John McPhail

Personal information
- Full name: John McPhail
- Date of birth: 27 December 1923
- Place of birth: Possilpark, Scotland
- Date of death: 6 November 2000 (aged 76)
- Place of death: Glasgow, Scotland
- Positions: Right half; Centre forward;

Senior career*
- Years: Team / Apps / (Gls)
- Strathclyde
- 1941–1956: Celtic / 142 / (56)

International career
- 1949–1953: Scotland / 5 / (3)
- 1950: Scottish League XI / 2 / (1)

= John McPhail (footballer) =

Scottish footballer

John McPhail (27 December 1923 – 6 November 2000) was a Scottish footballer who spent his entire senior playing career with Celtic. He also played for Scotland, gaining five caps. Upon his retirement from professional football, he wrote for the Daily Record and The Celtic View. He was the elder brother of Billy McPhail, also a former Celtic player.

==Playing career==
Born in Lambhill, Glasgow, McPhail attended St Mungo's Academy before signing for Celtic, the club he supported, in October 1941 from junior side Strathclyde, aged just 17. He initially played as a right half and soon earned a nickname, "Hooky", due to his tendency to kick the football with the outside of his boot. The name stuck with him throughout his life. His early years with Celtic coincided with a period of domination by their Old Firm rivals, Rangers. In 1945 he did earn a winner's medal in the minor Victory In Europe Cup, but in 1948 was part of the Celtic team that only narrowly avoided relegation on the last day of the season.
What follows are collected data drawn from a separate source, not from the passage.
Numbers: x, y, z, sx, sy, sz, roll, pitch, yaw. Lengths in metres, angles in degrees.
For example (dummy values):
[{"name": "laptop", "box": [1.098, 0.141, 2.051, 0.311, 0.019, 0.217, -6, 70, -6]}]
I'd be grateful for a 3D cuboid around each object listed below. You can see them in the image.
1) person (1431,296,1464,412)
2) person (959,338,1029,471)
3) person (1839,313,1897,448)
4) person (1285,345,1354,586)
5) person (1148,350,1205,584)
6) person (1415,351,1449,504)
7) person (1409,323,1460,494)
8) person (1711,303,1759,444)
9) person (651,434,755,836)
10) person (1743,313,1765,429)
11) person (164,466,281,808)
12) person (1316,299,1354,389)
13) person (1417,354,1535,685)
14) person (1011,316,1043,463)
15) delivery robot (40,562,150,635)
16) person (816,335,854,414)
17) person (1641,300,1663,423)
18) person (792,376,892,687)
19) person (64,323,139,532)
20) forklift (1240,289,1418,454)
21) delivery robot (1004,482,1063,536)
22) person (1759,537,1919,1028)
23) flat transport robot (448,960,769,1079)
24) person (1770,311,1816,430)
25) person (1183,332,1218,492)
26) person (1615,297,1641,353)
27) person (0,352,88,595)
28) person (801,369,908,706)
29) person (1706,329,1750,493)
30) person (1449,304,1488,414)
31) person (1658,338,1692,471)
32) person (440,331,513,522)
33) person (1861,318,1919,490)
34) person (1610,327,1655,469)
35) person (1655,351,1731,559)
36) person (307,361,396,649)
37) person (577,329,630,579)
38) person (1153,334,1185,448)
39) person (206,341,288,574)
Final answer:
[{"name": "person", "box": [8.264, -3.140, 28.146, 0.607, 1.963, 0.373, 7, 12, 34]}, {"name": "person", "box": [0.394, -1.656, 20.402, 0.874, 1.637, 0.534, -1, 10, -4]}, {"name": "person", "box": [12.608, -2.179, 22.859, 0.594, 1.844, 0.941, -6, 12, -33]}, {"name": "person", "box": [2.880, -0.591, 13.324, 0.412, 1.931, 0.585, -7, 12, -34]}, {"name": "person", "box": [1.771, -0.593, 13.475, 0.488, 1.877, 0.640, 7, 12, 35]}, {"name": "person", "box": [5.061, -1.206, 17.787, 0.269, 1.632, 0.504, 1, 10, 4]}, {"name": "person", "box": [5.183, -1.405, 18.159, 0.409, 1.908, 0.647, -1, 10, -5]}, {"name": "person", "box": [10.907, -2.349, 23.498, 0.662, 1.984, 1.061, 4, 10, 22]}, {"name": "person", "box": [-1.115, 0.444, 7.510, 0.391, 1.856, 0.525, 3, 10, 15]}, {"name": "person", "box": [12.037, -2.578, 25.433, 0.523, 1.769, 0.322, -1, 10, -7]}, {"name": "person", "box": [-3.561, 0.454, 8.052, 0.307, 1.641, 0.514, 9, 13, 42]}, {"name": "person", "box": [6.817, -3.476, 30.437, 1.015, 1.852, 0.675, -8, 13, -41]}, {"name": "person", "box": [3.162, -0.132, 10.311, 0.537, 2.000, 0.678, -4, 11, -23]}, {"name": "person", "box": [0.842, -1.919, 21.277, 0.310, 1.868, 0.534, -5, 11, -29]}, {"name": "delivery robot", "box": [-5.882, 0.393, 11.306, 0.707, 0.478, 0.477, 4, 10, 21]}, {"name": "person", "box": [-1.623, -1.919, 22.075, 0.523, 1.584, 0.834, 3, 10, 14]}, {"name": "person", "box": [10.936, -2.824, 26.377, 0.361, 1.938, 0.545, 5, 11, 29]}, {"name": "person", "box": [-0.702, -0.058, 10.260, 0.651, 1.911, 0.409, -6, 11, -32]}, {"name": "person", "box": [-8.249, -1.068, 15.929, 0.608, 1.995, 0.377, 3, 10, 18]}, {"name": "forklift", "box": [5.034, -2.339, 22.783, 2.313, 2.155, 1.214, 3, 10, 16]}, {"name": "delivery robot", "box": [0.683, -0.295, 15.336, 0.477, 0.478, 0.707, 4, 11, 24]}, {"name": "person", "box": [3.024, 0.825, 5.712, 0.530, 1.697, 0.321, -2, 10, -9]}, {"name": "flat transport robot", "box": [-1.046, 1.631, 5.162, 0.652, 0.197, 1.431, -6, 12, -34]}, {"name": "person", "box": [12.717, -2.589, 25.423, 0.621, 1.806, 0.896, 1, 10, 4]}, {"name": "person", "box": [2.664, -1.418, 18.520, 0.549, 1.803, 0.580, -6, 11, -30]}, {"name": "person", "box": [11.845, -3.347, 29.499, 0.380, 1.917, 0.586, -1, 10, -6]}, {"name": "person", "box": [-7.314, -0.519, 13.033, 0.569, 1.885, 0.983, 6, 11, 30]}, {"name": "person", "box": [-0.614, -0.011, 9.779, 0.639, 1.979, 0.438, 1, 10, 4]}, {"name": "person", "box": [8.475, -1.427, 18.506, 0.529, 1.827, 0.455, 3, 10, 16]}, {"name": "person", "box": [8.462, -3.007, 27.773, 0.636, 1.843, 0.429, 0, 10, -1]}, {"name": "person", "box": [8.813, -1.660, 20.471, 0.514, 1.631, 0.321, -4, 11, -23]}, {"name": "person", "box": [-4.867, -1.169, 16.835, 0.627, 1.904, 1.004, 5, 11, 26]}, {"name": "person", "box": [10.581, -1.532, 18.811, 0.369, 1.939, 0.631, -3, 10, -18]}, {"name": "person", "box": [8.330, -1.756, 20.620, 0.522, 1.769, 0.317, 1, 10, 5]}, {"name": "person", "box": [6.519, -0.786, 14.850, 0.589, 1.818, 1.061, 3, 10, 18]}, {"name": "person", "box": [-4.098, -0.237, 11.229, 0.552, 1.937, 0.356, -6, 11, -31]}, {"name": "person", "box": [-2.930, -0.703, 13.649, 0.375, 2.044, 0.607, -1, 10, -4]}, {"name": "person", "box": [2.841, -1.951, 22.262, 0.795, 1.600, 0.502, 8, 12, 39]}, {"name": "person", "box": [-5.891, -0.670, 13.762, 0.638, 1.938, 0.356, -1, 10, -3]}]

In 1950 McPhail was transformed into a centre forward, a move that revitalised his career. During the first season following the switch he was "his side's inspiration, and the idol of the supporters", according to author and historian Tom Campbell in Glasgow Celtic 1945-1970. He captained the team to a Scottish Cup victory in 1951, scoring seven of the team's 19 goals in that competition, including the only goal of the final against Motherwell with a skilful lob over the opposing goalkeeper. This marked the first cup success for the club in 14 years; it was followed by a Coronation Cup victory in 1953 and a league championship title and Scottish Cup double in 1954 (although he played little part in the cup run). It was in this period McPhail earned five caps for Scotland, scoring three goals. He also played for the Scottish League XI.

By 1954 McPhail had begun to struggle to maintain his match fitness and he only played for the Celtic first team intermittently. Journalist Archie Macpherson recounts that McPhail admitted to him that he began to adopt the "ageing remedy of the Hungarian international Ferenc Puskás, shortening the stride and increasing the number of steps he took to lend the false impression of pace." Additional problems curtailed his career further, including a family crisis and bankruptcy as a business venture went wrong.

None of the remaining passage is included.